In total, 15 patients received bevacizumab and 7 patients received ranibizumab. The average pre-operative visual acuity was 34.9 letters in the bevacizumab group, and 32.7 letters in the ranibizumab group. At 1-year follow-up, mean vision was 42.5 letters in the bevacizumab group, and 39.0 letters in the ranibizumab group. Two-tailed t-test failed to showed statistical significance between the two groups (P=0.5). Patients in the bevacizumab group underwent an average of eight injections, whereas patients in the ranibizumab group underwent a mean of four injections (P=0.001).
The 1-year outcomes of a prospective, double-masked, randomised clinical trial comparing bevacizumab with ranibizumab failed to show a difference in visual and anatomic outcomes between the two treatments for choroidal neovascularisation in AMD. Total injections given over the treatment period were significantly different between the two groups. Further studies with larger sample sizes are warranted.
Some of the accompanying graphics are presented below:
Table 1. Patient Demographics Distribution
Table 3 Summary of Visual Acuities and Anatomic Outcomes
Figure 1 Visual Acuities
Figure 2 Central Macular Thickness
It is interesting to note that although no difference was found in visual outcomes between Avastin and Lucentis, fewer injections of Lucentis were required to maintain the visual outcomes. The authors tried to explain this as follows “Patients in the bevacizumab (Avastin) group underwent statistically significant more injections than those in the ranibizumab (Lucentis) group (p=0.001). The reason for this is unclear and difficult to interpret. As a larger molecule with a longer half-life, one would intuitively expect patients receiving bevacizumab to undergo fewer injections. One possible reason for this may be a tachyphylactic response.” (A rapidly decreasing response to multiple doses of a drug.)

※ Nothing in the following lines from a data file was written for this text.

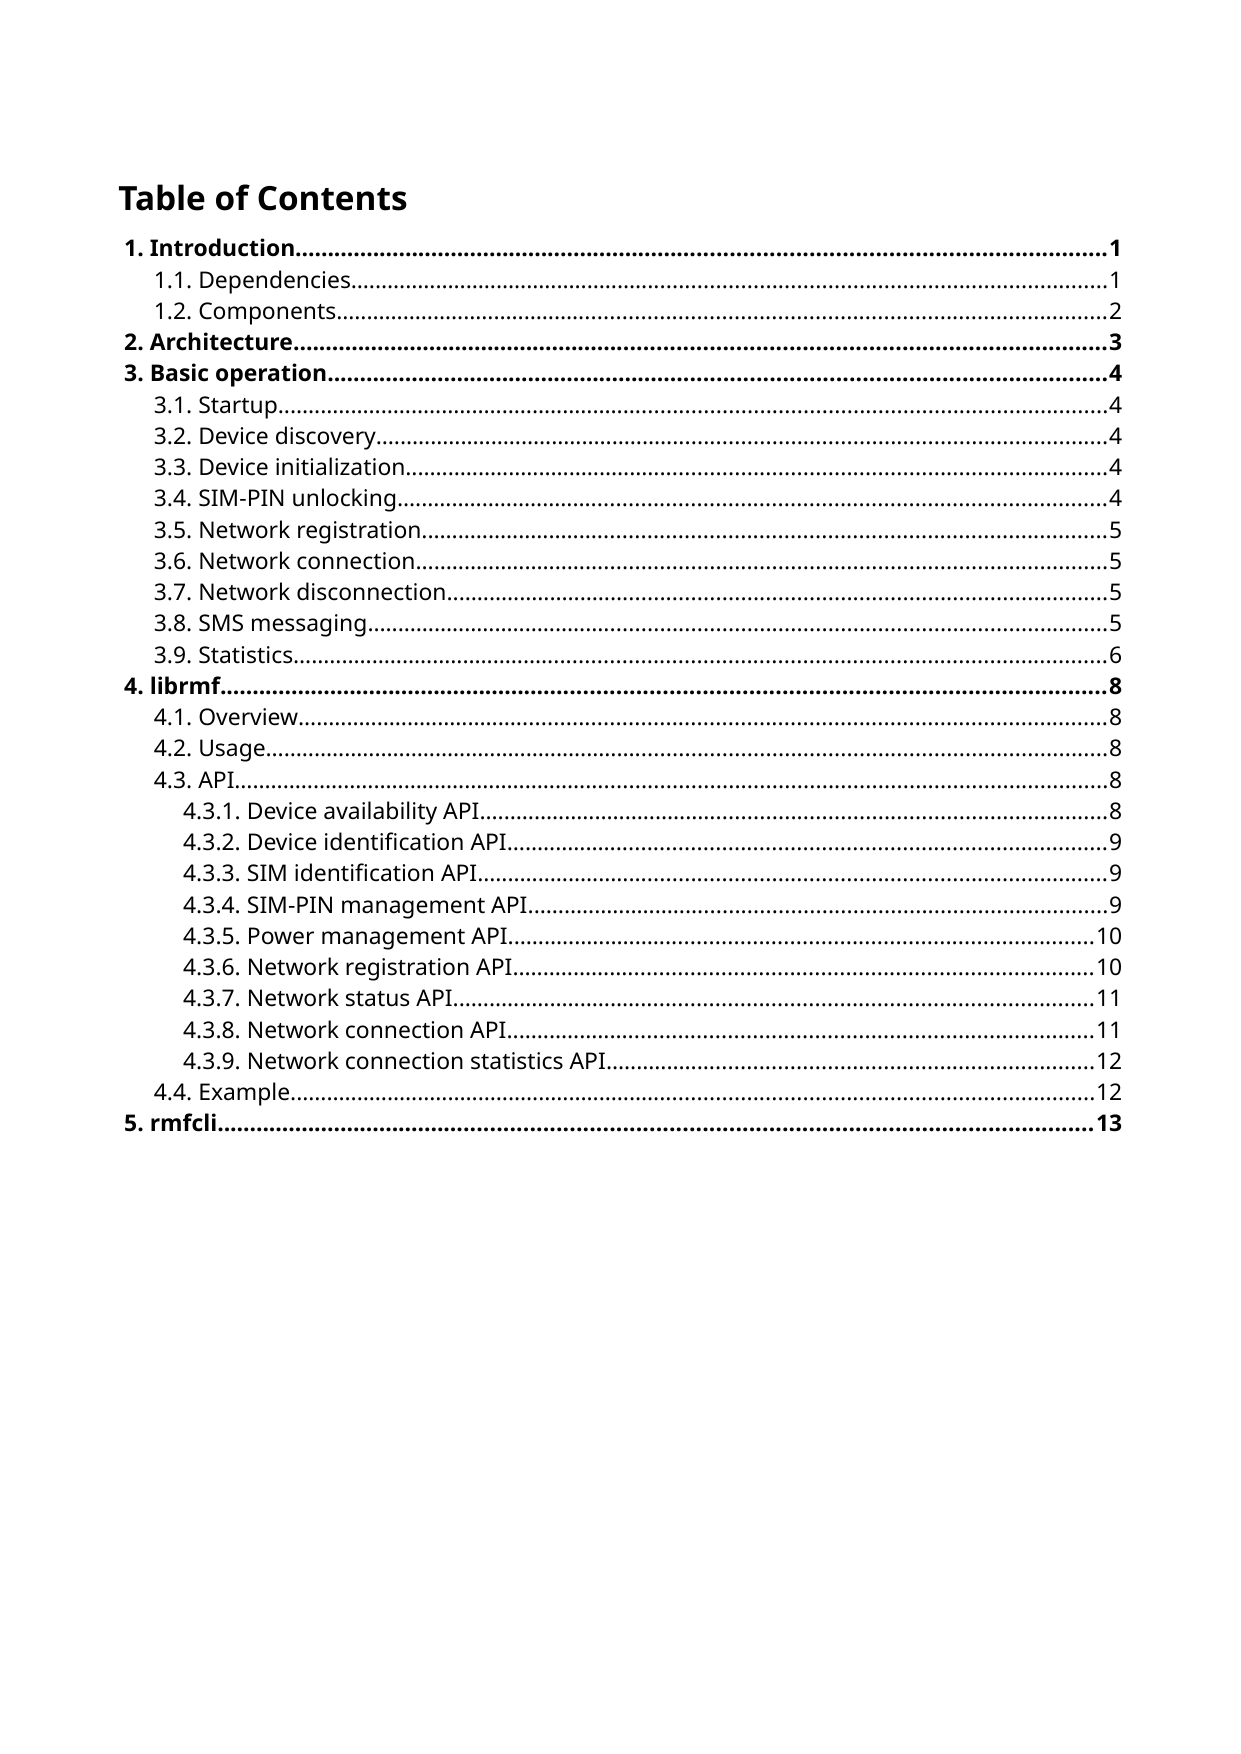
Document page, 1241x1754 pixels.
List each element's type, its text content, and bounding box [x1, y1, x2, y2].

text 4.3.8. Network connection API 11 [177, 1013, 1122, 1045]
text 3.9. Statistics 6 [148, 638, 1122, 670]
text 1. Introduction 1 [118, 232, 1122, 263]
text 1.2. Components 2 [148, 295, 1122, 326]
subtitle Table of Contents [118, 174, 1122, 220]
text 4.3.9. Network connection statistics API 12 [177, 1045, 1122, 1076]
text 3. Basic operation 4 [118, 357, 1122, 388]
text 4.1. Overview 8 [148, 701, 1122, 732]
text 1.1. Dependencies 1 [148, 263, 1122, 295]
text 4.2. Usage 8 [148, 732, 1122, 763]
text 4.3. API 8 [148, 763, 1122, 795]
text 3.5. Network registration 5 [148, 513, 1122, 545]
text 3.1. Startup 4 [148, 388, 1122, 420]
text 4. librmf 8 [118, 670, 1122, 701]
text 4.4. Example 12 [148, 1076, 1122, 1107]
text 4.3.2. Device identification API 9 [177, 826, 1122, 857]
text 4.3.1. Device availability API 8 [177, 795, 1122, 826]
text 4.3.3. SIM identification API 9 [177, 857, 1122, 888]
text 2. Architecture 3 [118, 326, 1122, 357]
text 4.3.5. Power management API 10 [177, 920, 1122, 951]
text 4.3.4. SIM-PIN management API 9 [177, 888, 1122, 920]
text 3.6. Network connection 5 [148, 545, 1122, 576]
text 4.3.7. Network status API 11 [177, 982, 1122, 1013]
text 3.3. Device initialization 4 [148, 451, 1122, 482]
text 3.2. Device discovery 4 [148, 420, 1122, 451]
text 4.3.6. Network registration API 10 [177, 951, 1122, 982]
text 3.8. SMS messaging 5 [148, 607, 1122, 638]
text 3.4. SIM-PIN unlocking 4 [148, 482, 1122, 513]
text 5. rmfcli 13 [118, 1107, 1122, 1138]
text 3.7. Network disconnection 5 [148, 576, 1122, 607]

“Results from the Pan-American Collaborative Retina Study found, when comparing 2 doses of bevacizumab (1.25mg vs 2.5mg) that patients receiving the higher dose underwent more injections (Arevalo JF, Sanchez JG, Wu L, et al. Comparison of 2 doses of primary intravitreal bevacizumab for subfoveal CNV in AMD at 24 months: Results from the Pan-American Collaborative Retina Study Group. Association for Research in Vision and Ophthalmology, May 3, 2010).”
“An alternative possibility is that patients in the ranibizumab group had a more robust and immediate response during the first 3 months than those in the bevacizumab group, (see Figure 2), and as OCT findings were the primary guide for re-treatment, the early and more dramatic change in foveal thickness in this treatment arm may have contributed to fewer injections over time.”
It will be interesting to see how this small study correlates to the larger study(s) as the CATT Study and other comparative studies – undertaken in several countries around the world – are released over the next year or so.